# Vermeer Radiator



## TreeAce (Dec 16, 2010)

I have a 1230A w/ a 86 horse Perkins diesel. The radiator has a new leak and some patches that were on it when I got it. So i am thinkn I gotta do somethin about it. OK ...fine. So I am talkn to guy at Vermeer and he said pray that thing can be patched again cuz a new radiator is about $1500!!!!! OMG......$1500:jawdrop: Is this guy for real???? He didnt look high so....He said no matter where they go for one thats what they are runnin now. Should I just prepare myself for this? I guess first I gotta see if a good radiator guy can fix it but if not...holy cow that seems like a LOT OF CASH. Any thoughts or comments? Anybody have a radiator they wanna sell? How about a belt for cutter wheel?


----------



## Plyscamp (Dec 18, 2010)

You did not state bif the tanks or the core is leaking. Either way a good radiator repair shop should be able to Recore or Repair leking tanks.


----------



## Curbside (Dec 18, 2010)

Another alternative is goto the perkins dealer which is probably going to be CAT and get a price from them. I blew apart my rad fan on my stumpgrinder. Vermeer wanted 275.00 for the part. I knew it was a cat motor so I called cat and they had the fan for 106.00


----------



## tomtrees58 (Dec 18, 2010)

yup i have one a 1230 they go ever five years nuts


----------



## pioneerguy600 (Dec 22, 2010)

TreeAce said:


> I have a 1230A w/ a 86 horse Perkins diesel. The radiator has a new leak and some patches that were on it when I got it. So i am thinkn I gotta do somethin about it. OK ...fine.
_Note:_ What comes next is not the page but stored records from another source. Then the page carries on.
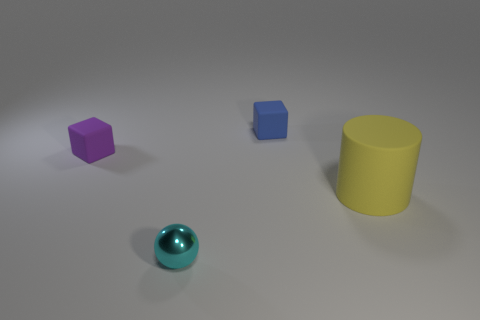Are there fewer purple rubber objects on the right side of the tiny shiny thing than objects that are left of the blue cube?
Offer a very short reply. Yes. What shape is the small thing that is in front of the matte cylinder in front of the object that is behind the small purple matte cube?
Your answer should be very brief. Sphere. Is the color of the cube to the right of the purple block the same as the tiny thing that is in front of the tiny purple rubber thing?
Offer a very short reply. No. How many rubber things are either purple spheres or small blocks?
Your answer should be compact. 2. There is a thing that is right of the tiny block that is behind the small rubber object in front of the blue matte thing; what color is it?
Give a very brief answer. Yellow. There is another rubber thing that is the same shape as the blue object; what is its color?
Provide a short and direct response. Purple. Are there any other things of the same color as the tiny metal sphere?
Ensure brevity in your answer.  No. How many other things are made of the same material as the large yellow cylinder?
Give a very brief answer. 2. What size is the purple rubber block?
Provide a succinct answer. Small. Are there any small blue matte objects of the same shape as the yellow object?
Provide a short and direct response. No. 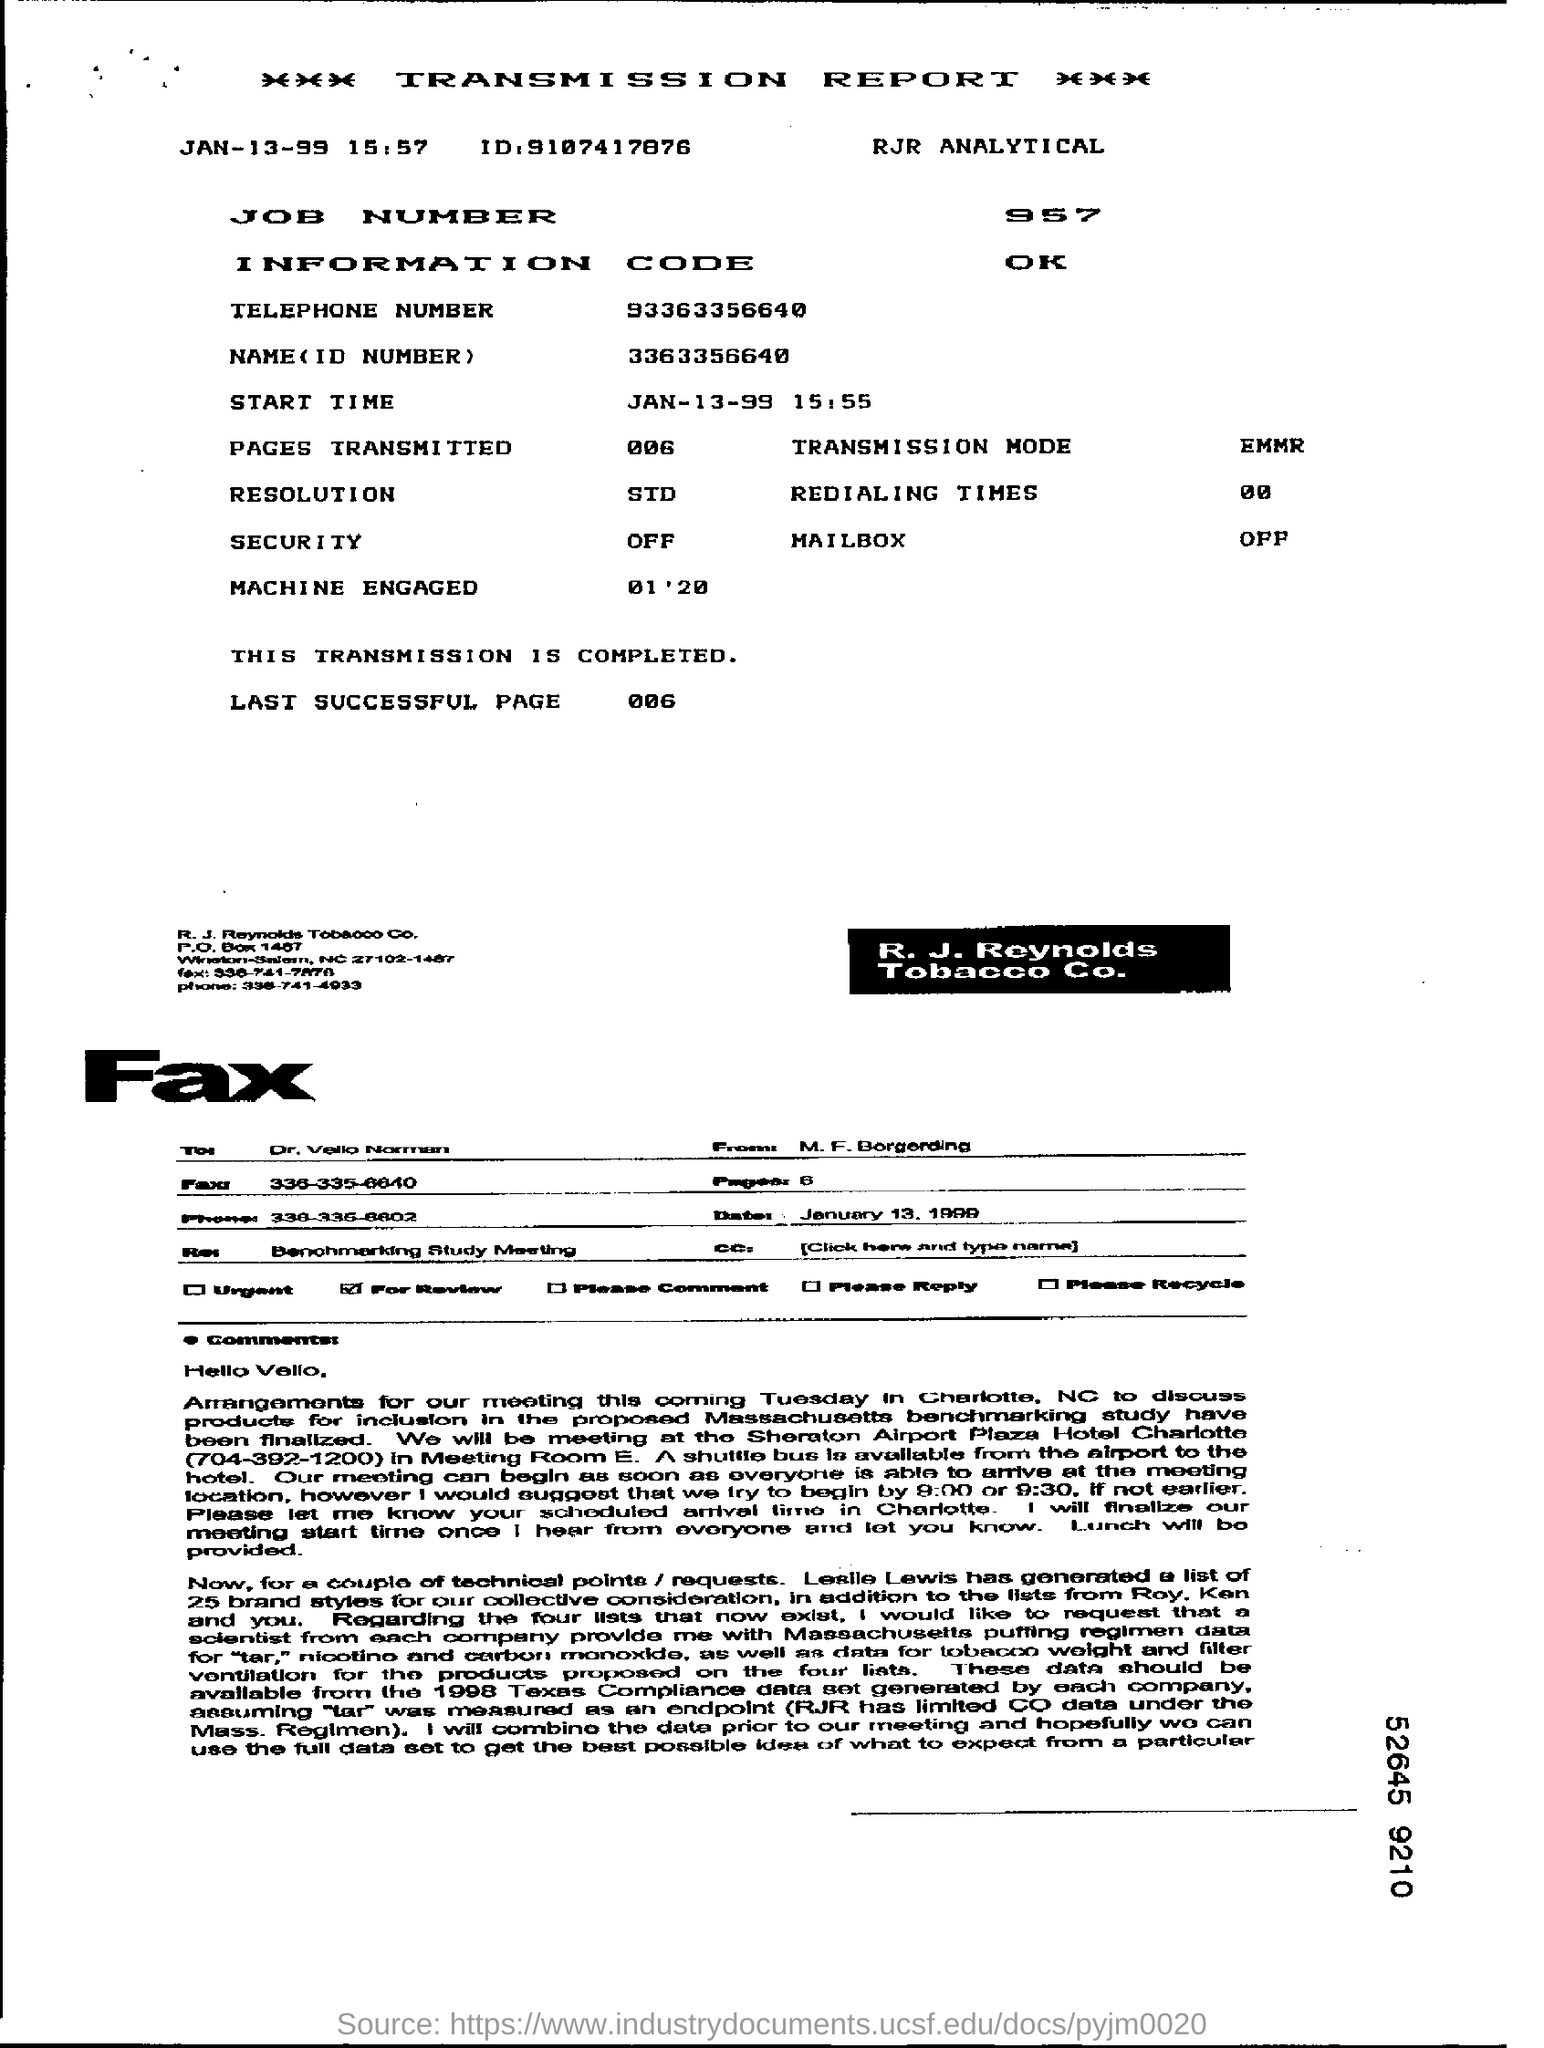Mention a couple of crucial points in this snapshot. The resolution is the final outcome or decision reached by a group or organization. It is often referred to as a "resolution" in the context of a legislative body, such as a congress or parliament, where a resolution is a formal written document proposing a course of action or expressing a opinion on a particular issue. What is the name corresponding to the ID number 3363356640? The telephone number is 93363356640. The job number is 957. The transmission mode is Ethernet, Mbps.

So I am talkn to guy at Vermeer and he said pray that thing can be patched again cuz a new radiator is about $1500!!!!! OMG......$1500:jawdrop: Is this guy for real???? He didnt look high so....He said no matter where they go for one thats what they are runnin now. Should I just prepare myself for this? I guess first I gotta see if a good radiator guy can fix it but if not...holy cow that seems like a LOT OF CASH. Any thoughts or comments? Anybody have a radiator they wanna sell? How about a belt for cutter wheel?



If your tanks are still good take it to an industrial rad shop or even an automotive rad shop, they can order in a core and recore that rad for less than half the cost of a new one.
Pioneerguy600


----------



## TreeAce (Dec 22, 2010)

cool. thx for the info


----------



## truckieL29 (Dec 23, 2010)

i know this is a production unit but a good radiator shop should be able to repair it and or cross refrence one that would work for a much cheaper price....
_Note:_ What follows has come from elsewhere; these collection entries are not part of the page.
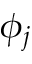<formula> <loc_0><loc_0><loc_500><loc_500>\phi _ { j }</formula> 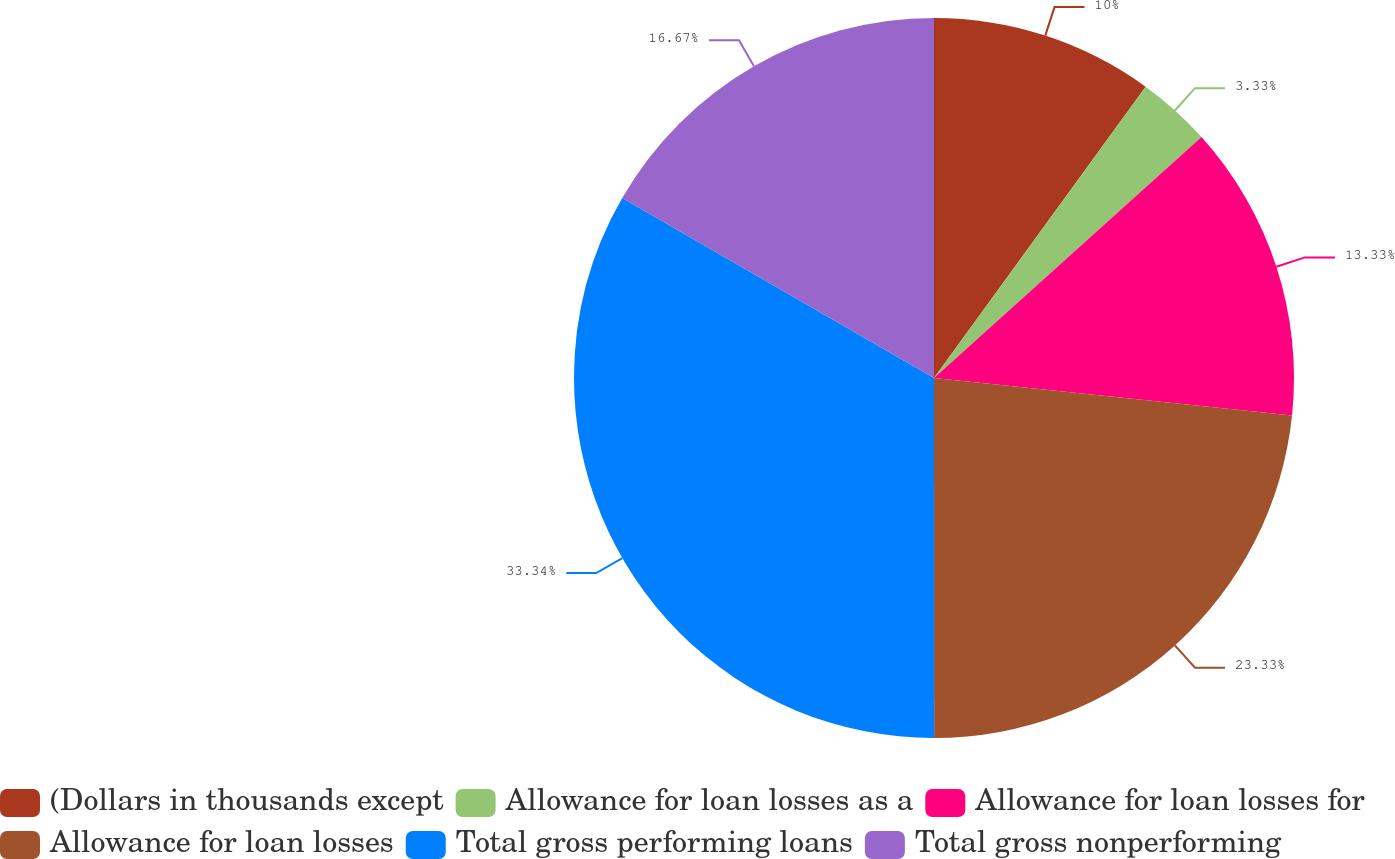<chart> <loc_0><loc_0><loc_500><loc_500><pie_chart><fcel>(Dollars in thousands except<fcel>Allowance for loan losses as a<fcel>Allowance for loan losses for<fcel>Allowance for loan losses<fcel>Total gross performing loans<fcel>Total gross nonperforming<nl><fcel>10.0%<fcel>3.33%<fcel>13.33%<fcel>23.33%<fcel>33.33%<fcel>16.67%<nl></chart> 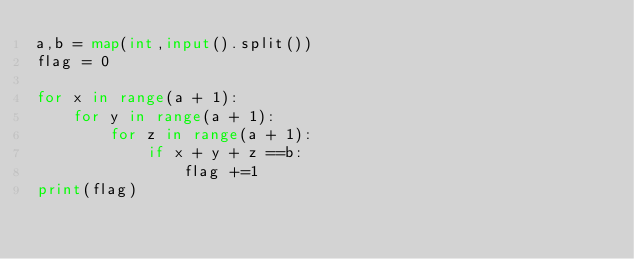Convert code to text. <code><loc_0><loc_0><loc_500><loc_500><_Python_>a,b = map(int,input().split())
flag = 0

for x in range(a + 1):
    for y in range(a + 1):
        for z in range(a + 1):
            if x + y + z ==b:
                flag +=1
print(flag)</code> 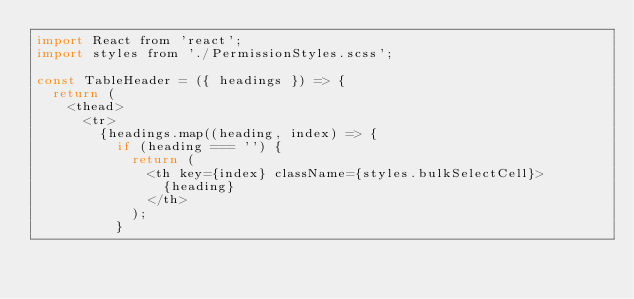Convert code to text. <code><loc_0><loc_0><loc_500><loc_500><_JavaScript_>import React from 'react';
import styles from './PermissionStyles.scss';

const TableHeader = ({ headings }) => {
  return (
    <thead>
      <tr>
        {headings.map((heading, index) => {
          if (heading === '') {
            return (
              <th key={index} className={styles.bulkSelectCell}>
                {heading}
              </th>
            );
          }</code> 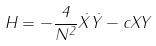<formula> <loc_0><loc_0><loc_500><loc_500>H = - \frac { 4 } { N ^ { 2 } } \dot { X } \dot { Y } - c X Y</formula> 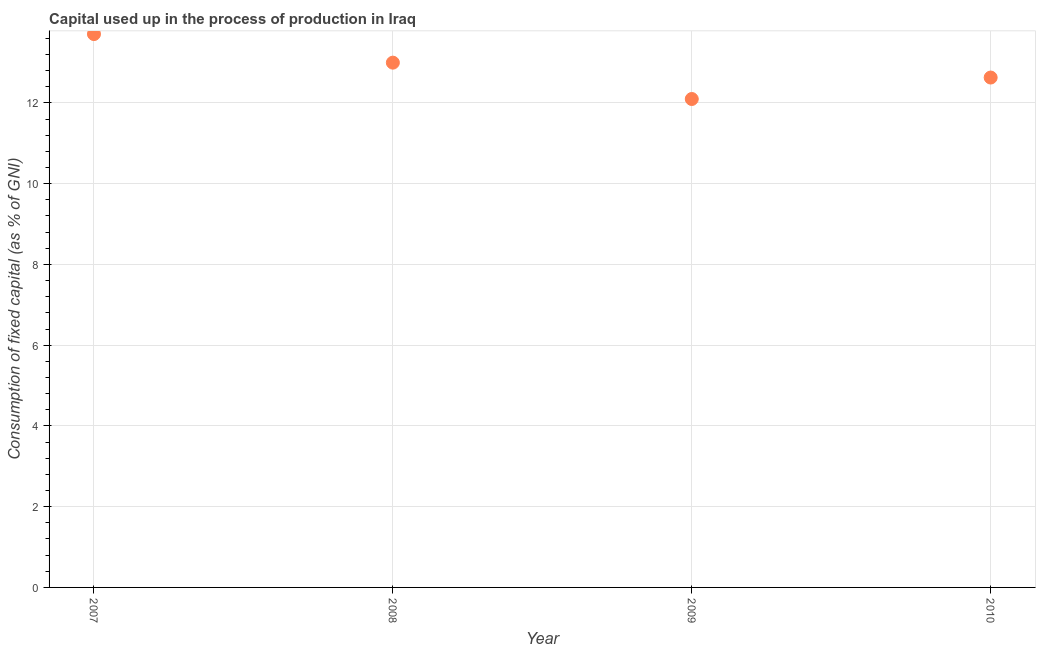What is the consumption of fixed capital in 2009?
Make the answer very short. 12.1. Across all years, what is the maximum consumption of fixed capital?
Your answer should be very brief. 13.71. Across all years, what is the minimum consumption of fixed capital?
Keep it short and to the point. 12.1. In which year was the consumption of fixed capital maximum?
Make the answer very short. 2007. In which year was the consumption of fixed capital minimum?
Your response must be concise. 2009. What is the sum of the consumption of fixed capital?
Provide a succinct answer. 51.43. What is the difference between the consumption of fixed capital in 2008 and 2009?
Keep it short and to the point. 0.9. What is the average consumption of fixed capital per year?
Your answer should be very brief. 12.86. What is the median consumption of fixed capital?
Your response must be concise. 12.81. What is the ratio of the consumption of fixed capital in 2008 to that in 2009?
Your response must be concise. 1.07. Is the difference between the consumption of fixed capital in 2007 and 2008 greater than the difference between any two years?
Make the answer very short. No. What is the difference between the highest and the second highest consumption of fixed capital?
Your answer should be very brief. 0.71. Is the sum of the consumption of fixed capital in 2007 and 2009 greater than the maximum consumption of fixed capital across all years?
Offer a terse response. Yes. What is the difference between the highest and the lowest consumption of fixed capital?
Your answer should be very brief. 1.61. Does the consumption of fixed capital monotonically increase over the years?
Offer a very short reply. No. Are the values on the major ticks of Y-axis written in scientific E-notation?
Provide a succinct answer. No. Does the graph contain grids?
Your answer should be very brief. Yes. What is the title of the graph?
Offer a terse response. Capital used up in the process of production in Iraq. What is the label or title of the Y-axis?
Make the answer very short. Consumption of fixed capital (as % of GNI). What is the Consumption of fixed capital (as % of GNI) in 2007?
Offer a very short reply. 13.71. What is the Consumption of fixed capital (as % of GNI) in 2008?
Ensure brevity in your answer.  13. What is the Consumption of fixed capital (as % of GNI) in 2009?
Your answer should be compact. 12.1. What is the Consumption of fixed capital (as % of GNI) in 2010?
Make the answer very short. 12.63. What is the difference between the Consumption of fixed capital (as % of GNI) in 2007 and 2008?
Give a very brief answer. 0.71. What is the difference between the Consumption of fixed capital (as % of GNI) in 2007 and 2009?
Give a very brief answer. 1.61. What is the difference between the Consumption of fixed capital (as % of GNI) in 2007 and 2010?
Make the answer very short. 1.08. What is the difference between the Consumption of fixed capital (as % of GNI) in 2008 and 2009?
Keep it short and to the point. 0.9. What is the difference between the Consumption of fixed capital (as % of GNI) in 2008 and 2010?
Your answer should be compact. 0.37. What is the difference between the Consumption of fixed capital (as % of GNI) in 2009 and 2010?
Provide a succinct answer. -0.53. What is the ratio of the Consumption of fixed capital (as % of GNI) in 2007 to that in 2008?
Give a very brief answer. 1.05. What is the ratio of the Consumption of fixed capital (as % of GNI) in 2007 to that in 2009?
Keep it short and to the point. 1.13. What is the ratio of the Consumption of fixed capital (as % of GNI) in 2007 to that in 2010?
Provide a succinct answer. 1.08. What is the ratio of the Consumption of fixed capital (as % of GNI) in 2008 to that in 2009?
Ensure brevity in your answer.  1.07. What is the ratio of the Consumption of fixed capital (as % of GNI) in 2008 to that in 2010?
Provide a succinct answer. 1.03. What is the ratio of the Consumption of fixed capital (as % of GNI) in 2009 to that in 2010?
Your answer should be very brief. 0.96.

IMO 5 years for a radiator of that peice of equipment is way lowww should be much higher.....i wonder if some A/V mounts might help.... I know we did a remount for a guys old woods drum chipper home A/V mounts for the radiator and he was able to use a cheap one out of a camper special chevy....

i know you will need something bigger but im sure there is a radiator much cheaper out there........


----------